For simplicity, let's assume $f_i: \mathbb{R} \to \mathbb{R}$ is convex and define
$$ g(x) := \sum_{i=1}^{n}f_i(x) $$
Suppose we want to compute
$$ x^* := \arg\min_{x \in \mathbb{R}} g(x) $$
The Newton-Raphson iterations take the following form
$$ x_{t+1} = x_t - \left(\sum_{i=1}^{n}f''_i(x_t)\right)^{-1}\left(\sum_{i=1}^{n}f'_i(x_t)\right) $$
I was playing around and happened on the following idea.

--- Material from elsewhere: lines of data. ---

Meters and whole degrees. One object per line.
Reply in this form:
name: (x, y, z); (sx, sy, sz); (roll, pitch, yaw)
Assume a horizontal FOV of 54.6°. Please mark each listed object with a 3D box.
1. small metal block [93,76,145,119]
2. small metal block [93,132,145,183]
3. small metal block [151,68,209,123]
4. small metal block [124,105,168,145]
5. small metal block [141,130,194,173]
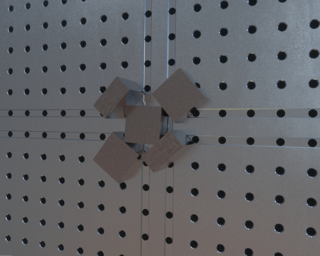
small metal block: (-0.054, -0.039, 0.418); (0.025, 0.050, 0.050); (45, 105, 14)
small metal block: (-0.056, 0.040, 0.433); (0.050, 0.025, 0.050); (40, 102, 15)
small metal block: (0.026, -0.041, 0.403); (0.050, 0.025, 0.050); (-42, 77, 15)
small metal block: (-0.018, -0.004, 0.419); (0.050, 0.025, 0.050); (4, 90, 21)
small metal block: (0.011, 0.028, 0.396); (0.050, 0.050, 0.025); (-44, 76, 15)
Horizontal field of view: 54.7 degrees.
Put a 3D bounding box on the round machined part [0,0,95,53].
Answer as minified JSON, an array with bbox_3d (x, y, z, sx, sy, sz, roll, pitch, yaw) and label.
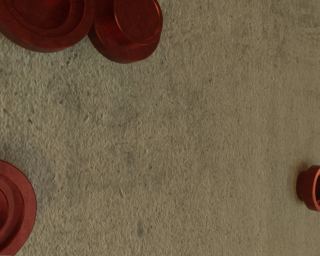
[{"bbox_3d":[-0.116,-0.121,0.296,0.099,0.042,0.097,0,90,-40],"label":"round machined part"}]

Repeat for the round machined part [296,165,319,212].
[{"bbox_3d":[0.332,0.129,0.672,0.099,0.042,0.097,0,90,-40],"label":"round machined part"}]

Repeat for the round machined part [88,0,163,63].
[{"bbox_3d":[-0.035,-0.127,0.364,0.099,0.042,0.097,0,90,-40],"label":"round machined part"}]

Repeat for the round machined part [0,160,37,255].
[{"bbox_3d":[-0.160,0.071,0.259,0.099,0.042,0.097,0,90,-40],"label":"round machined part"}]
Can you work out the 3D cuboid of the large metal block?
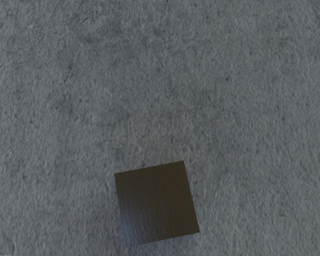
[{"bbox_3d":[-0.005,0.089,0.362,0.081,0.050,0.080,-10,70,-4],"label":"large metal block"}]
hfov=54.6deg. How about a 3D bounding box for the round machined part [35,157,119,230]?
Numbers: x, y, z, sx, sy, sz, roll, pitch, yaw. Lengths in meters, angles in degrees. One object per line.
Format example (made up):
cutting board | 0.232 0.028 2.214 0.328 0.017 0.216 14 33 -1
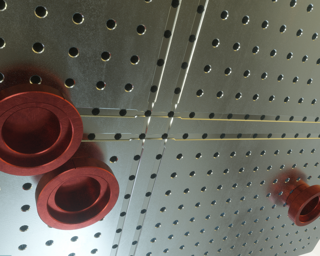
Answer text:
round machined part | -0.105 0.077 0.390 0.099 0.042 0.097 -14 124 -21

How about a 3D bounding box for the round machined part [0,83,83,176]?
round machined part | -0.134 -0.002 0.323 0.099 0.042 0.097 -16 127 -22

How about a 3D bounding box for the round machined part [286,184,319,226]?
round machined part | 0.314 0.161 0.670 0.099 0.042 0.097 -14 124 -21
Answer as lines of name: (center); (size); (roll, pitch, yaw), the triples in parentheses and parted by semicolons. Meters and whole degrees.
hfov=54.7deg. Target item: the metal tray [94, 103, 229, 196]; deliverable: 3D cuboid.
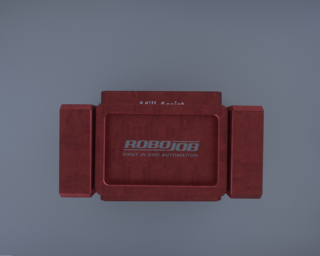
metal tray: (0.001, 0.021, 0.317); (0.131, 0.030, 0.089); (1, 90, 0)

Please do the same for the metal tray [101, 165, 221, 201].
metal tray: (0.001, 0.064, 0.376); (0.131, 0.090, 0.030); (0, 90, 0)

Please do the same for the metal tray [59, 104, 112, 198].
metal tray: (-0.080, 0.021, 0.357); (0.030, 0.130, 0.089); (1, 91, 0)

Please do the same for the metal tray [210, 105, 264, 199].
metal tray: (0.083, 0.022, 0.357); (0.030, 0.130, 0.089); (1, 91, 0)

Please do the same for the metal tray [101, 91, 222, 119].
metal tray: (0.002, -0.025, 0.376); (0.131, 0.090, 0.030); (0, 91, 0)
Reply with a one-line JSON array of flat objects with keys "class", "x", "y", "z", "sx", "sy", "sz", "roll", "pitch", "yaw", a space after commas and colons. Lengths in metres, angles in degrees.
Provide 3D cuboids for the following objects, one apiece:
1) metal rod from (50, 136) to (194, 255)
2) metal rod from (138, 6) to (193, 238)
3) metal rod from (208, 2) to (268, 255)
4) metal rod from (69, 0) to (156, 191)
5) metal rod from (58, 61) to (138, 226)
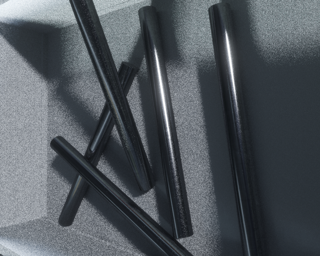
[{"class": "metal rod", "x": -0.062, "y": 0.096, "z": 0.431, "sx": 0.300, "sy": 0.025, "sz": 0.025, "roll": 34, "pitch": 111, "yaw": 31}, {"class": "metal rod", "x": 0.006, "y": -0.013, "z": 0.402, "sx": 0.025, "sy": 0.025, "sz": 0.298, "roll": -15, "pitch": 81, "yaw": 39}, {"class": "metal rod", "x": 0.085, "y": 0.011, "z": 0.336, "sx": 0.025, "sy": 0.025, "sz": 0.298, "roll": -12, "pitch": 83, "yaw": 39}, {"class": "metal rod", "x": -0.061, "y": -0.056, "z": 0.378, "sx": 0.025, "sy": 0.025, "sz": 0.298, "roll": -2, "pitch": 114, "yaw": 40}, {"class": "metal rod", "x": -0.104, "y": 0.036, "z": 0.492, "sx": 0.025, "sy": 0.025, "sz": 0.298, "roll": 40, "pitch": 114, "yaw": 33}]
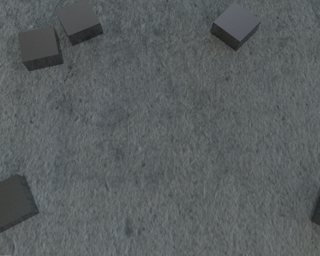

Suppose we solve \begin{align*} f_i'(x_i^*) = 0 \implies x_i^* = [f_i']^{-1}(0) \end{align*} Then, perform a Taylor series expansion for $f_i$ around $x_i^*$: \begin{align*} f_i(x) &\approx f_i(x_i^*) + f'_i(x_i^*)(x - x_i^*) + \frac{1}{2}f''_i(x_i^*)(x - x_i^*)^2 \\ &= f_i(x_i^*) + \frac{1}{2}f''_i(x_i^*)(x - x_i^*)^2 \end{align*} And so \begin{align*} g(x) \approx \sum_{i=1}^{n}[f_i(x_i^*) + \frac{1}{2}f''_i(x_i^*)(x - x_i^*)^2] \end{align*} and this approximation is minimized at
$$ \widetilde{x} = \frac{\displaystyle\sum_{i=1}^{n}f''_i(x_i^*)x_i^*}{\displaystyle\sum_{i=1}^{n}f''_i(x_i^*)} $$
From this, I had the idea to define $x_0 = \widetilde{x}$ and continue iterations of this manner:
$$ x_{t+1} = \dfrac{\displaystyle\sum_{i=1}^{n}f''_i(x_t)x_i^*}{\displaystyle\sum_{i=1}^{n}f''_i(x_t)} $$
How does this procedure compare against Newton-Raphson?